Dataset entries
● ● ● ●

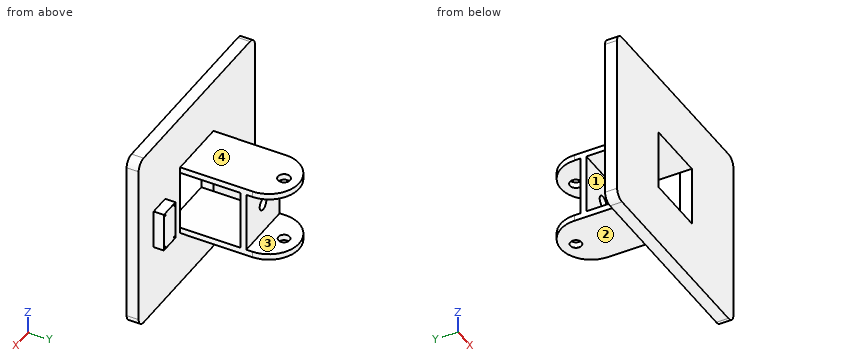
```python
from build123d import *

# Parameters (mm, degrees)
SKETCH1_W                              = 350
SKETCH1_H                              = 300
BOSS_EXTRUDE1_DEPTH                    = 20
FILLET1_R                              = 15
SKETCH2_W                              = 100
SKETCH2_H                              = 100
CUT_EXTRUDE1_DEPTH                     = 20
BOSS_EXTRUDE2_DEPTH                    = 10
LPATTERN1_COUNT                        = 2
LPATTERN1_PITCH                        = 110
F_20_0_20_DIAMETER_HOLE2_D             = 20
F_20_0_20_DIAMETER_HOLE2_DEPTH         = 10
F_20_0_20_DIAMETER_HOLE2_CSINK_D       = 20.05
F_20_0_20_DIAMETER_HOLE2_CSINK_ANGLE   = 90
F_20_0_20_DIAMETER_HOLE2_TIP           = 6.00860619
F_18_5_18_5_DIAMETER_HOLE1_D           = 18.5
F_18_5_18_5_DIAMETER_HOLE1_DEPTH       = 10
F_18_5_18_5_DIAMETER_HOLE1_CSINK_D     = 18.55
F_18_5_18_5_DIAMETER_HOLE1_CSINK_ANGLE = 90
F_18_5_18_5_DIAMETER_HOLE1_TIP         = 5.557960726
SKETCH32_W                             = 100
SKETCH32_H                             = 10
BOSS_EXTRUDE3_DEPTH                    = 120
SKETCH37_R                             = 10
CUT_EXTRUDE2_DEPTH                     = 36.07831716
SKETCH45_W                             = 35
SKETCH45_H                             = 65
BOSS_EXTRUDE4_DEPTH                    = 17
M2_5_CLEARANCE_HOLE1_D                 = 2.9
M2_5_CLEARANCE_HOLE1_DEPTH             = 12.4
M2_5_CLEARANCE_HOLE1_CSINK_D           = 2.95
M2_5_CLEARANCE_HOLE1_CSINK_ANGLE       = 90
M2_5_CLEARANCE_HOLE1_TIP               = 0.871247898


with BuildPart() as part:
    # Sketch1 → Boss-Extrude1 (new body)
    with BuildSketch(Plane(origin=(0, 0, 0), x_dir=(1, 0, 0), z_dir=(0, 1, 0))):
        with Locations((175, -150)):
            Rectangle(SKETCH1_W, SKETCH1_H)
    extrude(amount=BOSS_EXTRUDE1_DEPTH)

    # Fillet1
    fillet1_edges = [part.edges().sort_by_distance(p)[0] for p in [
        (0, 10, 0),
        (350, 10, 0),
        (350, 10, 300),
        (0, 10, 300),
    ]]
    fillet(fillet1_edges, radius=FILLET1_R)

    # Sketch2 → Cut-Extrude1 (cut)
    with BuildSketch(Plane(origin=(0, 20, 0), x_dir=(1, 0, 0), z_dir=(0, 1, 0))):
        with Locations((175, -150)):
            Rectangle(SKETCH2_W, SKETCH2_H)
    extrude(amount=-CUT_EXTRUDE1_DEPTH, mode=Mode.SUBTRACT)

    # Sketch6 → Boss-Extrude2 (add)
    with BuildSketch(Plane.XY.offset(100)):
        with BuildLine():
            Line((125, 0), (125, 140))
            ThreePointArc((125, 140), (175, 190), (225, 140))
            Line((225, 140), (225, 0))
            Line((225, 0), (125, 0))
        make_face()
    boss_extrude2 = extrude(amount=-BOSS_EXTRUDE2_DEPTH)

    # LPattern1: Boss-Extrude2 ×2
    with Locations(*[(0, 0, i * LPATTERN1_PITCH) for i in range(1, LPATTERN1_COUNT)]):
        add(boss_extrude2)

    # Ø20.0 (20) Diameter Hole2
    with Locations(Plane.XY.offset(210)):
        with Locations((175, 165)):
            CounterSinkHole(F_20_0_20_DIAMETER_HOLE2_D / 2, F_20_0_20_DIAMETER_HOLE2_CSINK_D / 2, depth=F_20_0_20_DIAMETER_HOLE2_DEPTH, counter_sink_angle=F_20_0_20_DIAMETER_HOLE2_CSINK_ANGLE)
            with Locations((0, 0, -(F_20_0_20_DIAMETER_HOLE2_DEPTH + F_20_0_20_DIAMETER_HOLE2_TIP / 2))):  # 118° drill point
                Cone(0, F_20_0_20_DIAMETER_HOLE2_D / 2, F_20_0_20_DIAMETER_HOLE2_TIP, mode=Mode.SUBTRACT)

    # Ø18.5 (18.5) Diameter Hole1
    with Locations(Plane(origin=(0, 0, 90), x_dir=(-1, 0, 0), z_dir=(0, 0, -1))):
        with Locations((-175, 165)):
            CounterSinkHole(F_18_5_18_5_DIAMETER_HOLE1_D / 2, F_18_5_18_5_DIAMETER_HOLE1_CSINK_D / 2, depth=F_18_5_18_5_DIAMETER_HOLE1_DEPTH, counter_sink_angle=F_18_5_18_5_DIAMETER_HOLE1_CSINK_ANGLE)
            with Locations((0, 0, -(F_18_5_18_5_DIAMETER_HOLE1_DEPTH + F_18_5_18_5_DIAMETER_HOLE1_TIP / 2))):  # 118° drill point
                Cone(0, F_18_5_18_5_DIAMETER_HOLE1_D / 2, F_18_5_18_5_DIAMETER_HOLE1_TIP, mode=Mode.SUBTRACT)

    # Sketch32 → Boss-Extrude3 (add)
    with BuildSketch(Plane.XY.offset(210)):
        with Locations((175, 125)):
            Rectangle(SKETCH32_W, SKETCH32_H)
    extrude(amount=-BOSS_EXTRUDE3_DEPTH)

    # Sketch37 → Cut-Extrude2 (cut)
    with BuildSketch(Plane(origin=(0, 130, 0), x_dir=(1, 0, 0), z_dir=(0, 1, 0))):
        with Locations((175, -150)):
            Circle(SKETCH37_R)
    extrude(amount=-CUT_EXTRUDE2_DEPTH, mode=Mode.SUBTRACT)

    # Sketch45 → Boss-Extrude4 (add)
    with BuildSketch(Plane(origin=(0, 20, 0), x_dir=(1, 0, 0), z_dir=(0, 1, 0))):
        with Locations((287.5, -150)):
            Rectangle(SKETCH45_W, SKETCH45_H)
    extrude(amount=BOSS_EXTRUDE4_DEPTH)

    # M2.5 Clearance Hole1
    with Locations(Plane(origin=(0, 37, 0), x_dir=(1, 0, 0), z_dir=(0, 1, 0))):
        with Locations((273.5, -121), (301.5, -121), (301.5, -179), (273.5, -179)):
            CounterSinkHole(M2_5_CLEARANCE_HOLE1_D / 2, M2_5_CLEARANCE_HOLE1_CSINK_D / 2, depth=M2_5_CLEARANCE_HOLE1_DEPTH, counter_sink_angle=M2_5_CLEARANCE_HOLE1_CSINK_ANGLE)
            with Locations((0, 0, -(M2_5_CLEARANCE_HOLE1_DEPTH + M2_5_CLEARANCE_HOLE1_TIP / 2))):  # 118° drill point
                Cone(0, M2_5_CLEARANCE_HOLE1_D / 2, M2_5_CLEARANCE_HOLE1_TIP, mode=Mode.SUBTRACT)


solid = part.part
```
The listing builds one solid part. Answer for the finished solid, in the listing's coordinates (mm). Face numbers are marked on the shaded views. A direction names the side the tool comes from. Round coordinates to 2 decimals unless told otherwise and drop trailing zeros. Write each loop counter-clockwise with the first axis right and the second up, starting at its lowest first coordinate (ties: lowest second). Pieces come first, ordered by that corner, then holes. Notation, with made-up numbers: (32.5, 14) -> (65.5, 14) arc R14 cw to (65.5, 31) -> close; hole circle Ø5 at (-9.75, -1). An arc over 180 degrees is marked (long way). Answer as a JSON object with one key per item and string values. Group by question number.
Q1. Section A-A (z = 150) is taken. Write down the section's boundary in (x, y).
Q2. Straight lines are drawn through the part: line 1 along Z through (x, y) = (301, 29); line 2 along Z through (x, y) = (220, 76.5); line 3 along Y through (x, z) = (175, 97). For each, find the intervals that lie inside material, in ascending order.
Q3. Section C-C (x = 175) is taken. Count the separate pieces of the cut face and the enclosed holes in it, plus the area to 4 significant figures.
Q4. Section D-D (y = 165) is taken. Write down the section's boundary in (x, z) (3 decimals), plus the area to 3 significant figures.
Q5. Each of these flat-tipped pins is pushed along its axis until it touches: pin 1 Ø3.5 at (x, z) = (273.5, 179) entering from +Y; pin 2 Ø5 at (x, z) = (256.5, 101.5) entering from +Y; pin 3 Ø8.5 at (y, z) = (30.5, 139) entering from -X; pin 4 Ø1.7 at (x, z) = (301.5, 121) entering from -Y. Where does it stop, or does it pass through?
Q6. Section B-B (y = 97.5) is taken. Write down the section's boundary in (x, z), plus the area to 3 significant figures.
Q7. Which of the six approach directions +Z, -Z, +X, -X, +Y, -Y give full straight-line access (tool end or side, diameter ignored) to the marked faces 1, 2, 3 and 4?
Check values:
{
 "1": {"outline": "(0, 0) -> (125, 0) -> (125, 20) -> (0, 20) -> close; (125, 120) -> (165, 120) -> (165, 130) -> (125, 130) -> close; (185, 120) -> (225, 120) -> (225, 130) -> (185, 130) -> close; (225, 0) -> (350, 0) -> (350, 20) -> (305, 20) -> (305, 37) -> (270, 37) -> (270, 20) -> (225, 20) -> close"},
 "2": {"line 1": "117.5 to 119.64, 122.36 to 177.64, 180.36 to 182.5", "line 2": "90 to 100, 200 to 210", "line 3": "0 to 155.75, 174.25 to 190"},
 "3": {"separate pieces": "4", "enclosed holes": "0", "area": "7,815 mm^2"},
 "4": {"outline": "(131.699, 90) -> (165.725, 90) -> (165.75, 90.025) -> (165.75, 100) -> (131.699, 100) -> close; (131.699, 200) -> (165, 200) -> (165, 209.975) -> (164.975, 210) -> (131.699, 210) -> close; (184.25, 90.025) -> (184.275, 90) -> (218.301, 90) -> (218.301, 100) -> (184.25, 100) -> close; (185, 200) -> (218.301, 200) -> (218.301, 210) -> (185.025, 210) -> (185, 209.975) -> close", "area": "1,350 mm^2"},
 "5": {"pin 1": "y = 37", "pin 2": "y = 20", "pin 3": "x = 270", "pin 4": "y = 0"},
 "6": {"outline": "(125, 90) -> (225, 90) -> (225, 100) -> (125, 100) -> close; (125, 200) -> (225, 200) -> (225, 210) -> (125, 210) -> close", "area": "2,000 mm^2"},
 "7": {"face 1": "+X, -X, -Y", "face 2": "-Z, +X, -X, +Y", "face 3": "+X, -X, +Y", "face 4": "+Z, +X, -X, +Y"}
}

● ● ● ●

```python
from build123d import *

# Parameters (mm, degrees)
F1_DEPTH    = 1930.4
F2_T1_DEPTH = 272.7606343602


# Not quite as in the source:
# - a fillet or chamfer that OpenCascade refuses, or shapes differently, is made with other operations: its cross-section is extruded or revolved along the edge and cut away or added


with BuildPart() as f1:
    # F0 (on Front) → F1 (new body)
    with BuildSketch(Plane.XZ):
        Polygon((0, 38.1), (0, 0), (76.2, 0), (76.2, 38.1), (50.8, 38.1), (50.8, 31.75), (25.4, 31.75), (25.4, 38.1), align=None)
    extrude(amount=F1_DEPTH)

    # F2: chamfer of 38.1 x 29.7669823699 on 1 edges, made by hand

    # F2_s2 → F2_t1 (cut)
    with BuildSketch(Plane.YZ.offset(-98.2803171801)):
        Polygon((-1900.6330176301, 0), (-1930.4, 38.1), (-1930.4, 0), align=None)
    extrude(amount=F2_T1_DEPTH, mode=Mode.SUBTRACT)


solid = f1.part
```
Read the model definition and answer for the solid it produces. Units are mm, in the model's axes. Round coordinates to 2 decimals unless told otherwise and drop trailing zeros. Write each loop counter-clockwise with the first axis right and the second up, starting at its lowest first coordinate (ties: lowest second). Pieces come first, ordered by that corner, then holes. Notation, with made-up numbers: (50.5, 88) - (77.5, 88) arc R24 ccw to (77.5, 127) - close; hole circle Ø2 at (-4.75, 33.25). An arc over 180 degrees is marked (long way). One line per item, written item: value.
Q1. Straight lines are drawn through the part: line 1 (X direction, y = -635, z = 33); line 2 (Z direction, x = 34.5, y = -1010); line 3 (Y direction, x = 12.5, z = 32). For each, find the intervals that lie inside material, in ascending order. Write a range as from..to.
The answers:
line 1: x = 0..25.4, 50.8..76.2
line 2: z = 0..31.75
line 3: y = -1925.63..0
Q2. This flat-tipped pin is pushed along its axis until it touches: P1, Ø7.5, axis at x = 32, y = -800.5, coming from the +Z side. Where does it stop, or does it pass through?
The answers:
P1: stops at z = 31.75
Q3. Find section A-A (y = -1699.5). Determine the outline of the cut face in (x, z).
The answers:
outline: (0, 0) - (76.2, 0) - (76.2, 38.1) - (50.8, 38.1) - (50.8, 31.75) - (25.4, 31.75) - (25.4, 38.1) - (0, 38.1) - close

● ● ● ●

▶ _What is needed_
Given the records above, reproduce precisely and only the lines between the line holding "Q1. Section A-A" and the line holding "Q5. Each of", inclusive.

▶ _Response area_
Q1. Section A-A (z = 150) is taken. Write down the section's boundary in (x, y).
Q2. Straight lines are drawn through the part: line 1 along Z through (x, y) = (301, 29); line 2 along Z through (x, y) = (220, 76.5); line 3 along Y through (x, z) = (175, 97). For each, find the intervals that lie inside material, in ascending order.
Q3. Section C-C (x = 175) is taken. Count the separate pieces of the cut face and the enclosed holes in it, plus the area to 4 significant figures.
Q4. Section D-D (y = 165) is taken. Write down the section's boundary in (x, z) (3 decimals), plus the area to 3 significant figures.
Q5. Each of these flat-tipped pins is pushed along its axis until it touches: pin 1 Ø3.5 at (x, z) = (273.5, 179) entering from +Y; pin 2 Ø5 at (x, z) = (256.5, 101.5) entering from +Y; pin 3 Ø8.5 at (y, z) = (30.5, 139) entering from -X; pin 4 Ø1.7 at (x, z) = (301.5, 121) entering from -Y. Where does it stop, or does it pass through?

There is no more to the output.